● **Data extract**
☆ ☆ ☆ ☆ ☆ ☆ ☆

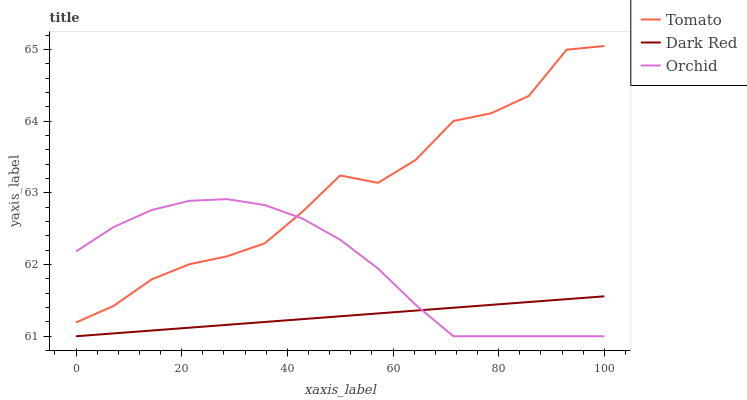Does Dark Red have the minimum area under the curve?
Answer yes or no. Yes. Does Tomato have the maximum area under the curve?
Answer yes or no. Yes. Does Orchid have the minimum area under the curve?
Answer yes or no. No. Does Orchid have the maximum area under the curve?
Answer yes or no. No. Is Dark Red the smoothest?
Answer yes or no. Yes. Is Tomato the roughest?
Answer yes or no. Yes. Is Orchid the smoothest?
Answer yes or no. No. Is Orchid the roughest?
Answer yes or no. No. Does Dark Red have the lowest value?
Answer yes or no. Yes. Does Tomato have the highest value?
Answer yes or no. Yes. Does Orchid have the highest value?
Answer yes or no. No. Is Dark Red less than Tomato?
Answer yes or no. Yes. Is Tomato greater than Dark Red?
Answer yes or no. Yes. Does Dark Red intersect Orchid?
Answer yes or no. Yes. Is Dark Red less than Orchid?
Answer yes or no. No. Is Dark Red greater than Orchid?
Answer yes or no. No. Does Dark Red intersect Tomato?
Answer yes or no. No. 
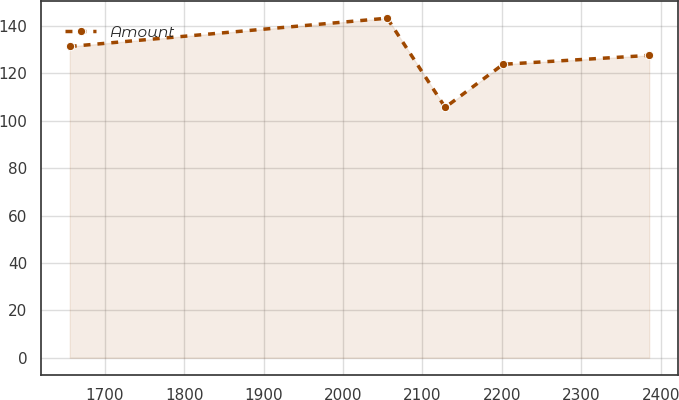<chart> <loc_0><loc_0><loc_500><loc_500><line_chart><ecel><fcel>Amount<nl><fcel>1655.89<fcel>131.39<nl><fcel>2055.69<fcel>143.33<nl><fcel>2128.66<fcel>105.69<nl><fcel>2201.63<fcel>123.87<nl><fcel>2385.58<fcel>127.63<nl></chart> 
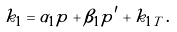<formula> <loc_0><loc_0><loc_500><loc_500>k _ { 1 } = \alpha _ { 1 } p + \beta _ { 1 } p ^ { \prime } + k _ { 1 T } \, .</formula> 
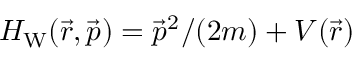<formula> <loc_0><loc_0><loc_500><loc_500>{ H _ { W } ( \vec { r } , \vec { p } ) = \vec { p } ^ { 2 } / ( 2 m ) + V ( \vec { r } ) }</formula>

☆ ☆ ☆ ☆ ☆ ☆ ☆

● **Exercise instructions**
Would you repeat the material above exactly, line for line, from its first line to the line with "Answer yes or no. No. Is Dark Red greater", including both and skipping every picture?

● **Solution below**
Does Dark Red have the minimum area under the curve?
Answer yes or no. Yes. Does Tomato have the maximum area under the curve?
Answer yes or no. Yes. Does Orchid have the minimum area under the curve?
Answer yes or no. No. Does Orchid have the maximum area under the curve?
Answer yes or no. No. Is Dark Red the smoothest?
Answer yes or no. Yes. Is Tomato the roughest?
Answer yes or no. Yes. Is Orchid the smoothest?
Answer yes or no. No. Is Orchid the roughest?
Answer yes or no. No. Does Dark Red have the lowest value?
Answer yes or no. Yes. Does Tomato have the highest value?
Answer yes or no. Yes. Does Orchid have the highest value?
Answer yes or no. No. Is Dark Red less than Tomato?
Answer yes or no. Yes. Is Tomato greater than Dark Red?
Answer yes or no. Yes. Does Dark Red intersect Orchid?
Answer yes or no. Yes. Is Dark Red less than Orchid?
Answer yes or no. No. Is Dark Red greater than Orchid?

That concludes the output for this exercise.